* _TASK DIRECTIONS_
Write out the data that follows. Keep every character unchanged.
START ENTRIES SHOWN
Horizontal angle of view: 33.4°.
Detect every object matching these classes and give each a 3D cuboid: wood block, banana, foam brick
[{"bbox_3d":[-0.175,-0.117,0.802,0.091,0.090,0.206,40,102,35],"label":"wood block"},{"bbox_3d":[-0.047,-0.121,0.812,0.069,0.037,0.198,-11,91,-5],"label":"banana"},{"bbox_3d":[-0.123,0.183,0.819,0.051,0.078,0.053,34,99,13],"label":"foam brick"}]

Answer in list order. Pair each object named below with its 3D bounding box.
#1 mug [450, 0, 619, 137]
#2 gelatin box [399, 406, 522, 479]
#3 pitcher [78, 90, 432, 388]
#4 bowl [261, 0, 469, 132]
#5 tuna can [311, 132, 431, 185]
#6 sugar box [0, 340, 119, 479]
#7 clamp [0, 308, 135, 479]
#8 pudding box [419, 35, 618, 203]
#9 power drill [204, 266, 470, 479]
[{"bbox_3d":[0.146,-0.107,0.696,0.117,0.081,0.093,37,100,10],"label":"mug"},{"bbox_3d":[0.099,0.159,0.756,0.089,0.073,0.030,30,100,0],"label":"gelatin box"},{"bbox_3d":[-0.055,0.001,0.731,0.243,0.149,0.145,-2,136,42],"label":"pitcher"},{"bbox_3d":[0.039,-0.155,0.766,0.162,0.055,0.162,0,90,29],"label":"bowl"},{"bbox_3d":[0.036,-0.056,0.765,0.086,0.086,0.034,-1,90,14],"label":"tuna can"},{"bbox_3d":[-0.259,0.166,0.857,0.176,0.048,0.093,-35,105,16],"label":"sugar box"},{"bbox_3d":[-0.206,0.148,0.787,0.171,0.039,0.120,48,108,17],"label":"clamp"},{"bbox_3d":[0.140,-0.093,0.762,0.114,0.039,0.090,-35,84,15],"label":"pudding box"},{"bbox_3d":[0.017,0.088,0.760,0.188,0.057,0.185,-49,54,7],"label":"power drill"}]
END ENTRIES SHOWN
* _ANSWER TO THIS TASK_
Horizontal angle of view: 33.4°.
Detect every object matching these classes and give each a 3D cuboid: wood block, banana, foam brick
[{"bbox_3d":[-0.175,-0.117,0.802,0.091,0.090,0.206,40,102,35],"label":"wood block"},{"bbox_3d":[-0.047,-0.121,0.812,0.069,0.037,0.198,-11,91,-5],"label":"banana"},{"bbox_3d":[-0.123,0.183,0.819,0.051,0.078,0.053,34,99,13],"label":"foam brick"}]

Answer in list order. Pair each object named below with its 3D bounding box.
#1 mug [450, 0, 619, 137]
#2 gelatin box [399, 406, 522, 479]
#3 pitcher [78, 90, 432, 388]
#4 bowl [261, 0, 469, 132]
#5 tuna can [311, 132, 431, 185]
#6 sugar box [0, 340, 119, 479]
#7 clamp [0, 308, 135, 479]
#8 pudding box [419, 35, 618, 203]
#9 power drill [204, 266, 470, 479]
[{"bbox_3d":[0.146,-0.107,0.696,0.117,0.081,0.093,37,100,10],"label":"mug"},{"bbox_3d":[0.099,0.159,0.756,0.089,0.073,0.030,30,100,0],"label":"gelatin box"},{"bbox_3d":[-0.055,0.001,0.731,0.243,0.149,0.145,-2,136,42],"label":"pitcher"},{"bbox_3d":[0.039,-0.155,0.766,0.162,0.055,0.162,0,90,29],"label":"bowl"},{"bbox_3d":[0.036,-0.056,0.765,0.086,0.086,0.034,-1,90,14],"label":"tuna can"},{"bbox_3d":[-0.259,0.166,0.857,0.176,0.048,0.093,-35,105,16],"label":"sugar box"},{"bbox_3d":[-0.206,0.148,0.787,0.171,0.039,0.120,48,108,17],"label":"clamp"},{"bbox_3d":[0.140,-0.093,0.762,0.114,0.039,0.090,-35,84,15],"label":"pudding box"},{"bbox_3d":[0.017,0.088,0.760,0.188,0.057,0.185,-49,54,7],"label":"power drill"}]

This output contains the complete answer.